Há quem diga que observar o pôr do sol é uma experiência mística, quase transcendental. Eu digo que é uma atividade de risco: o risco de parecer poético enquanto se luta contra mosquitos e se tenta encontrar ângulo sem postes de eletricidade, sem prédios ou outros artefactos no enquadramento da foto.
Tudo começa com a ideia romântica: “Hoje vou ver o pôr do sol.” É uma frase que soa simples, mas que exige logística militar. Primeiro, é preciso decidir o local. Praia? Miradouro? Varanda do prédio? (Este último só funciona se o vizinho não tiver pendurado lençóis cor-de-rosa a secar).

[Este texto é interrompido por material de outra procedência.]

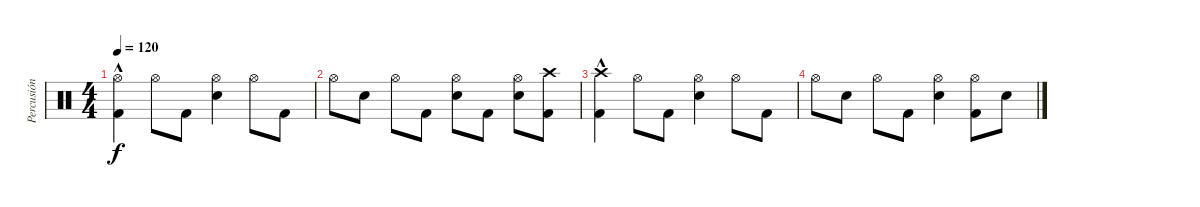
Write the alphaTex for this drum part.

\track ("Percusión" "Percusión") {instrument percussion}
\staff {score}
\articulation defaults
\ts (4 4)
\tempo 120
\clef neutral
\ks c
("Kick (hit) 2"{hac} "Hi-Hat (open)").4{dy f} "Hi-Hat (open)".8 "Kick (hit) 2".8 ("Hi-Hat (open)" "Electric Snare (hit)").4 "Hi-Hat (open)".8 "Kick (hit) 2".8 |
"Hi-Hat (open)".8 "Electric Snare (hit)".8 "Hi-Hat (open)".8 "Kick (hit) 2".8 ("Electric Snare (hit)" "Hi-Hat (open)").8 "Kick (hit) 2".8 ("Electric Snare (hit)" "Hi-Hat (open)").8 ("Kick (hit) 2" "Crash high (hit)").8 |
("Kick (hit) 2"{hac} "Crash high (hit)").4 "Hi-Hat (open)".8 "Kick (hit) 2".8 ("Electric Snare (hit)" "Hi-Hat (open)").4 "Hi-Hat (open)".8 "Kick (hit) 2".8 |
"Hi-Hat (open)".8 "Electric Snare (hit)".8 "Hi-Hat (open)".8 "Kick (hit) 2".8 ("Electric Snare (hit)" "Hi-Hat (open)").4 ("Kick (hit) 2" "Hi-Hat (open)").8 "Electric Snare (hit)".8

Chegado o momento, lá está o sol, um profissional disciplinado, descendo no horário combinado e que foi confirmado no Borda D'Água. E nós, um grupo de humanos emocionados, munidos de telemóveis erguidos como oferendas tecnológicas ao astro-rei. Mentalmente solta-se um “Uau!” a cada cinco segundos, como se o sol precisasse de incentivo: “Força, estás quase a pôr-te!”
E há sempre o fotógrafo de um grupo — aquele que insiste em dizer: “Não se mexam, está perfeito!” — segundos antes de perceber que o dedo tapou a lente. Enquanto isso, os casais trocam olhares melosos, os solteiros fingem contemplar o horizonte com profundidade filosófica e as gaivotas passam no momento exato em que o sol toca o mar, apenas para estragar o vídeo com um grito estridente.
Mas o verdadeiro espetáculo começa depois: o instante em que o sol desaparece e todos fingem que não estão desiludidos. Porque, sejamos sinceros, esperávamos mais — talvez uma salva de palmas cósmica, um clarão final, ou pelo menos um aplauso coletivo. Em vez disso, resta o crepúsculo e um friozinho desconfortável. Não há encore.
E, no regresso, inevitavelmente, alguém diz: “Devíamos fazer isto mais vezes.” Mentira piedosa. O próximo pôr do sol será visto do sofá, refletido no écran da televisão durante o noticiário e ao sabor do calorzinho da lareira.
Mas não faz mal. A beleza do pôr do sol não está em vê-lo — está em sabermos que ele acontece todos os dias, quer estejamos lá ou não. E, com sorte, sem mosquitos.